Adds InitialsConverter so participant avatars render real initials (Brendon Power -> 'BP', '(Local)' -> 'L') instead of a generic glyph. Drops the obsolete StoneTheme.xaml; the project now ships exactly one theme dictionary.
Typography: Inter (with Segoe UI Variable Display fallback) for the sans stack, JetBrains Mono (Cascadia Mono fallback) for machine names and timecodes — matching the wilddragon.net site.
Verified live against the running Teams meeting: app launches, participant 'Brendon Power' displays with avatar, settings panel surfaces NDI groups + Hide-Local toggle, engine status pill shows green/live.
Adopts the design language from Dammyjay93/interface-design: warm Stone neutrals, accent orange (#EA580C), borders-only depth (no shadows), 8px spacing grid, all-caps section labels, mono typography for machine names and timecodes.
Themes/StoneTheme.xaml is the single source of truth for design tokens (color brushes, typography styles, spacing) plus restyled control templates (Button, TextBox, ComboBox, ComboBoxItem, CheckBox, DataGrid + DataGridColumnHeader / DataGridRow / DataGridCell, ScrollBar). MainWindow consumes the tokens and is laid out with a header (title + status pill), section-headed Settings sidebar (Output Format / NDI Network / Display), card-wrapped participant list, and a mono status footer.
Settings sidebar surfaces the new NDI group configuration (discovery + output) and a Hide-(Local) checkbox.
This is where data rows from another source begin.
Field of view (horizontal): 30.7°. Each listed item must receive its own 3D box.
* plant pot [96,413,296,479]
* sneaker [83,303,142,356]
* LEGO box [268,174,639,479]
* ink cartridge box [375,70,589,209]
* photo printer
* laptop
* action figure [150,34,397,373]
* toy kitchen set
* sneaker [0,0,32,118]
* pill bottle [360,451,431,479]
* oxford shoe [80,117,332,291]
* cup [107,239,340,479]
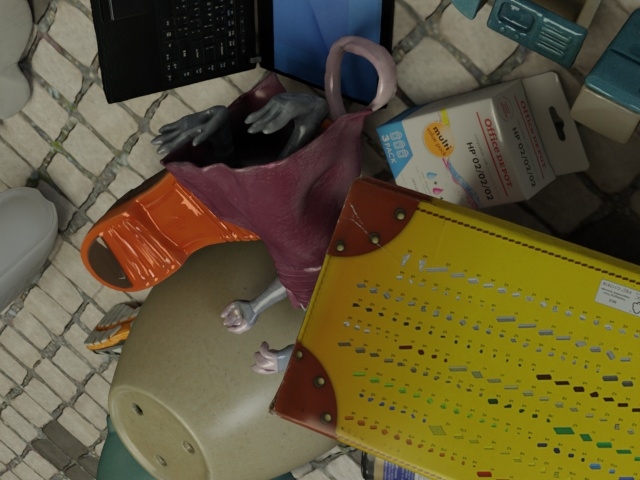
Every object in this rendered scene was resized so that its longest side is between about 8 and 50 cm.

The latter filters the user's own self-preview from the participants list at the MainViewModel layer (HideLocalSelf=true by default) so operators don't accidentally route their own preview as an ISO. Apply Changes round-trips both FrameProcessingSettings and NdiGroupSettings through the controller in one go.
- TeamsISO.App: hand-rolled net8.0-windows WPF csproj since the WPF
template isn't shipped on linux-arm64 .NET SDK; UI is a placeholder
for Phase C.
- TeamsISO.Engine.IntegrationTests: cross-platform xunit project with a
skipped scaffold fact tagged [Trait("requires", "ndi")] for Phase B.
- TeamsISO.Linux.slnf: solution filter for non-Windows CI that excludes
the WPF project (which can only build on Windows).